As I pointed out in my last post, there has been a concerted effort by a number of groups to acquire LiDAR data over Haiti in the wake of the January 12th earthquake. In addition to the Rochester Institute of Technology and Navy groups operating in Haiti, the National Geospatial-Intelligence Agency (NGA) is also collecting data using the ALIRT instrument (described here I think). Some NGA LiDAR data products are available via the NGA Haiti Earthquake Crisis Relief site. The LiDAR data products are available in a somewhat haphazard form via the Haiti Filtered LiDAR subpage. Most of the "data" on this page are actually PDFs and PowerPoint files showing images of the data. However, there are a few actual data files - one LAS point cloud file and a few DEMs in 32-bit GeoTIFF format.

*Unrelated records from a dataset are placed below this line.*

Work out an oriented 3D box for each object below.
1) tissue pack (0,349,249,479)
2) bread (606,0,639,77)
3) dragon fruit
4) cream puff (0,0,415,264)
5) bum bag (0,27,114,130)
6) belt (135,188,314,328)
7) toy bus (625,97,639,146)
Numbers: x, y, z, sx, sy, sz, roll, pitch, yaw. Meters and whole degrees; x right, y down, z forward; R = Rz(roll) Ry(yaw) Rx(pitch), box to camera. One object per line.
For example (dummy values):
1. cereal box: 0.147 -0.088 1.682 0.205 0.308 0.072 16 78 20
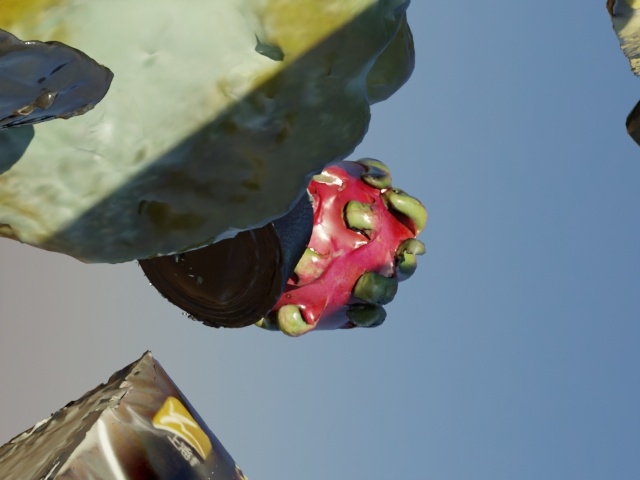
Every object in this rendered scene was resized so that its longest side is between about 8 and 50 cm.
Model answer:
1. tissue pack: -0.062 0.270 0.800 0.370 0.198 0.210 53 23 -10
2. bread: 0.409 -0.351 1.583 0.242 0.405 0.346 57 21 -74
3. dragon fruit: -0.004 -0.007 1.806 0.198 0.218 0.273 62 9 -12
4. cream puff: -0.103 -0.182 1.027 0.275 0.378 0.378 -110 -157 -44
5. bum bag: -0.225 -0.059 0.855 0.123 0.248 0.060 37 37 -61
6. belt: -0.087 -0.013 1.607 0.078 0.151 0.198 -60 177 -39
7. toy bus: 0.254 -0.106 0.543 0.312 0.152 0.190 -41 170 -31

Since this is the first post-earthquake data I've seen available to the public, I pulled a few of these files and have been looking at them. Below is a screen capture of the LAS file (320,900 pts), which is described as the National Palace, but appears to actually be data from a neighborhood just NW of the Palace:
I gridded the point cloud data above at 25 centimeter resolution and exported it along with the data set footprint to Google Earth. Shown here:
These data are pretty impressive, especially when viewed in tandem with the post-earthquake Google Earth images. There appears to be misalignment between the lidar and the imagery, but that may have been introduced when I gridded and exported the data to Google Earth (there is no metadata associated with these file, only the coordinate info in the LAS header (UTM z18N)).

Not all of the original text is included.